Selection of Multiple Sites

Large-scale logistics and processing operations face a tough problem in determining how to structure their networks. Enhancing processing and logistics networks so that goods can move from sources to destinations at low cost can increase profitability. However, adding facilities (or continuing to operate existing facilities) is costly as well.

Ploughman Analytics can help firms analyze the tradeoff between the lower freight costs made possible by the presence of processing or logistics nodes and the costs of these nodes themselves. For example, the construction cost of a new corn ethanol plant may easily exceed 100 million USD. If an enterprise is considering multiple investments of this magnitude, careful consideration of not just each facility, but each facility as the part of a network, can dramatically enhance profitability.

Ploughman can help clients select multiple locations and network configurations, helping to answer key questions: What volumes of material should go to or from each facility? Should new facilities be purchased or built? Should existing faculties be reduced or closed? We offer a comprehensive and systematic approach to considering large numbers of combinations, and can work with clients to optimize their logistics networks. Our team is adept at finding elegant solutions to problems in this class, given sets of locations and the client’s areas of concern.

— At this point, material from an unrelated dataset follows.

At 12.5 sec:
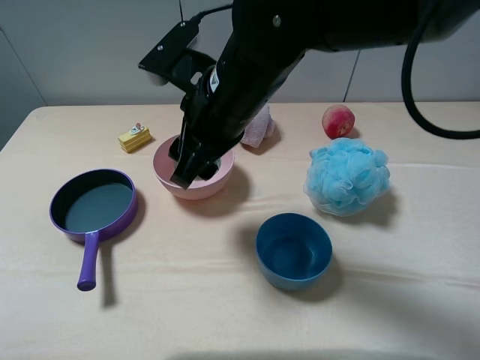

  • Ploughman takes into account road network time and shipping costs, prices at the source and destination facilities, and processing or handling capacity.
  • Our approach examines different combinations of routing to minimize costs and maximize performance of the network.
  • Different scenarios can be compared rapidly to sift out the better performing arrangements. Particularly when there are a large number of customer or supplier locations relative to the client facilities, this can greatly improve business operations by minimizing travel and removing unnecessary routes or facilities.

As an illustration, consider the set of ethanol refineries in the state of Iowa. A major firm considering acquiring, expanding, constructing, closing, or maintaining some number of facilities of this sort faces a potentially bewildering combination of alternatives to evaluate, and the illustrative map below represents one of a large number of selections of facilities from a current set. Ploughman Analytics can help major firms systematically evaluate these extremely large numbers of alternative network configurations.

(USDA 2010, Renewable Fuels Association 2011)

The strength in our approach allows us not only to optimize for an existing set of facilities, but to determine which subset of facilities should be chosen among a pool of many possible candidates. Choosing certain locations will affect the viability of nearby locations, and these related effects vary depending on the factors that the client wants to minimize or optimize. Ploughman can harness tremendous processing power to tackle large scale problems and evaluate all possible combinations rather than merely a pre-picked set. This extends to situations where the client does not know how many facilities will be needed – the ideal number of facilities to build, alter, or remove can be a part of our solution.

Combined, Ploughman’s tools offer a comprehensive solution to a complex and multilayered problem. Limiting an evaluation to only pre-selected combinations might result in the analyst overlooking a better alternative solution - our computational and analytical expertise can examine every scenario to find the optimal solution for our clients.

When the average price to construct a single plant producing 100 million gallons of ethanol annually is 120 million USD, Ploughman Analytics’ ability to systematically analyze network investments can mean the difference between profitability and enterprise failure.